Data items:

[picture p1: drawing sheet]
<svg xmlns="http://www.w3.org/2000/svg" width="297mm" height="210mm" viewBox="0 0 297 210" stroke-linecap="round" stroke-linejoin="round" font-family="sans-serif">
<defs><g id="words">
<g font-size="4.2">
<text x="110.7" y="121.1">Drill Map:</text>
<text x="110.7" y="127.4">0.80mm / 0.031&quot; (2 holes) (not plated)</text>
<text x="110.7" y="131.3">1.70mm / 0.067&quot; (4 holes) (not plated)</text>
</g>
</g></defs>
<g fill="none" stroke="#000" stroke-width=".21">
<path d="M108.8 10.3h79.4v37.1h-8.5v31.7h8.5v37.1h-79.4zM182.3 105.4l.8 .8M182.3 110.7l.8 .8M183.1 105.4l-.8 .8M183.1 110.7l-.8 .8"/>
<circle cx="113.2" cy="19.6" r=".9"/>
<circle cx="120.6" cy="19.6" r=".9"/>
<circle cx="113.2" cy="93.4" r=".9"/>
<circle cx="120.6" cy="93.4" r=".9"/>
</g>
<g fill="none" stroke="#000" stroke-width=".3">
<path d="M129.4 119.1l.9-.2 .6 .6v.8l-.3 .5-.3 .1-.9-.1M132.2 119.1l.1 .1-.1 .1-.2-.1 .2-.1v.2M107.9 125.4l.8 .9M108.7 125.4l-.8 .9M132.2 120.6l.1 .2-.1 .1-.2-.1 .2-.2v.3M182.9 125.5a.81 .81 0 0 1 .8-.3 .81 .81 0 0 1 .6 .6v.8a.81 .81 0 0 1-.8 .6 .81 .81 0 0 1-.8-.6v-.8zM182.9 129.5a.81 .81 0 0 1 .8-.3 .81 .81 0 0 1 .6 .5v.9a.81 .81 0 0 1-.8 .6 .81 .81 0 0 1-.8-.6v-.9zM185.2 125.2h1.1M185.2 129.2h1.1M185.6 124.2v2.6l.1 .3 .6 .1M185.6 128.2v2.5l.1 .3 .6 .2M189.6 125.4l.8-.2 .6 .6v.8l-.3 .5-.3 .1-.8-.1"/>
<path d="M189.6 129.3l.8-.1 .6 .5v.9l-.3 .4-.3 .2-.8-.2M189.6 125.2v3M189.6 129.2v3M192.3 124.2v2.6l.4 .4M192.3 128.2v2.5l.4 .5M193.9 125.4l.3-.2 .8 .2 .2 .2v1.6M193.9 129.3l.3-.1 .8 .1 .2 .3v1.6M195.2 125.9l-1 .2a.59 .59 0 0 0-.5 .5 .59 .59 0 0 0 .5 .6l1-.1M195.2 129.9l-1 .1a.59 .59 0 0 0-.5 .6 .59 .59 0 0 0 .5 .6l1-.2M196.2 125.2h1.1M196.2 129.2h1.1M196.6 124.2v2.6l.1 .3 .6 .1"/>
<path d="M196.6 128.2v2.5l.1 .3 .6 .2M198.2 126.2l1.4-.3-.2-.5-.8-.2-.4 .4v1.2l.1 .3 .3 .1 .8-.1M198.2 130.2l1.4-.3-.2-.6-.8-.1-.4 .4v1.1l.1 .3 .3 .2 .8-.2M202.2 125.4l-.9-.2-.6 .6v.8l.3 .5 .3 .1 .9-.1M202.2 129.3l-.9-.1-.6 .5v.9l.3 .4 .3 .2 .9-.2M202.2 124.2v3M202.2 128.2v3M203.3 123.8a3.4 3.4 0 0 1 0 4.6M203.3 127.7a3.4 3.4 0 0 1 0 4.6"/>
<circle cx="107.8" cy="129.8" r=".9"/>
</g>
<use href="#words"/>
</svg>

YOUR OBJECTIVE =
Every line above should be retyped exactly as given.

REPLY TO THE TASK =
[picture p1: drawing sheet]
<svg xmlns="http://www.w3.org/2000/svg" width="297mm" height="210mm" viewBox="0 0 297 210" stroke-linecap="round" stroke-linejoin="round" font-family="sans-serif">
<defs><g id="words">
<g font-size="4.2">
<text x="110.7" y="121.1">Drill Map:</text>
<text x="110.7" y="127.4">0.80mm / 0.031&quot; (2 holes) (not plated)</text>
<text x="110.7" y="131.3">1.70mm / 0.067&quot; (4 holes) (not plated)</text>
</g>
</g></defs>
<g fill="none" stroke="#000" stroke-width=".21">
<path d="M108.8 10.3h79.4v37.1h-8.5v31.7h8.5v37.1h-79.4zM182.3 105.4l.8 .8M182.3 110.7l.8 .8M183.1 105.4l-.8 .8M183.1 110.7l-.8 .8"/>
<circle cx="113.2" cy="19.6" r=".9"/>
<circle cx="120.6" cy="19.6" r=".9"/>
<circle cx="113.2" cy="93.4" r=".9"/>
<circle cx="120.6" cy="93.4" r=".9"/>
</g>
<g fill="none" stroke="#000" stroke-width=".3">
<path d="M129.4 119.1l.9-.2 .6 .6v.8l-.3 .5-.3 .1-.9-.1M132.2 119.1l.1 .1-.1 .1-.2-.1 .2-.1v.2M107.9 125.4l.8 .9M108.7 125.4l-.8 .9M132.2 120.6l.1 .2-.1 .1-.2-.1 .2-.2v.3M182.9 125.5a.81 .81 0 0 1 .8-.3 .81 .81 0 0 1 .6 .6v.8a.81 .81 0 0 1-.8 .6 .81 .81 0 0 1-.8-.6v-.8zM182.9 129.5a.81 .81 0 0 1 .8-.3 .81 .81 0 0 1 .6 .5v.9a.81 .81 0 0 1-.8 .6 .81 .81 0 0 1-.8-.6v-.9zM185.2 125.2h1.1M185.2 129.2h1.1M185.6 124.2v2.6l.1 .3 .6 .1M185.6 128.2v2.5l.1 .3 .6 .2M189.6 125.4l.8-.2 .6 .6v.8l-.3 .5-.3 .1-.8-.1"/>
<path d="M189.6 129.3l.8-.1 .6 .5v.9l-.3 .4-.3 .2-.8-.2M189.6 125.2v3M189.6 129.2v3M192.3 124.2v2.6l.4 .4M192.3 128.2v2.5l.4 .5M193.9 125.4l.3-.2 .8 .2 .2 .2v1.6M193.9 129.3l.3-.1 .8 .1 .2 .3v1.6M195.2 125.9l-1 .2a.59 .59 0 0 0-.5 .5 .59 .59 0 0 0 .5 .6l1-.1M195.2 129.9l-1 .1a.59 .59 0 0 0-.5 .6 .59 .59 0 0 0 .5 .6l1-.2M196.2 125.2h1.1M196.2 129.2h1.1M196.6 124.2v2.6l.1 .3 .6 .1"/>
<path d="M196.6 128.2v2.5l.1 .3 .6 .2M198.2 126.2l1.4-.3-.2-.5-.8-.2-.4 .4v1.2l.1 .3 .3 .1 .8-.1M198.2 130.2l1.4-.3-.2-.6-.8-.1-.4 .4v1.1l.1 .3 .3 .2 .8-.2M202.2 125.4l-.9-.2-.6 .6v.8l.3 .5 .3 .1 .9-.1M202.2 129.3l-.9-.1-.6 .5v.9l.3 .4 .3 .2 .9-.2M202.2 124.2v3M202.2 128.2v3M203.3 123.8a3.4 3.4 0 0 1 0 4.6M203.3 127.7a3.4 3.4 0 0 1 0 4.6"/>
<circle cx="107.8" cy="129.8" r=".9"/>
</g>
<use href="#words"/>
</svg>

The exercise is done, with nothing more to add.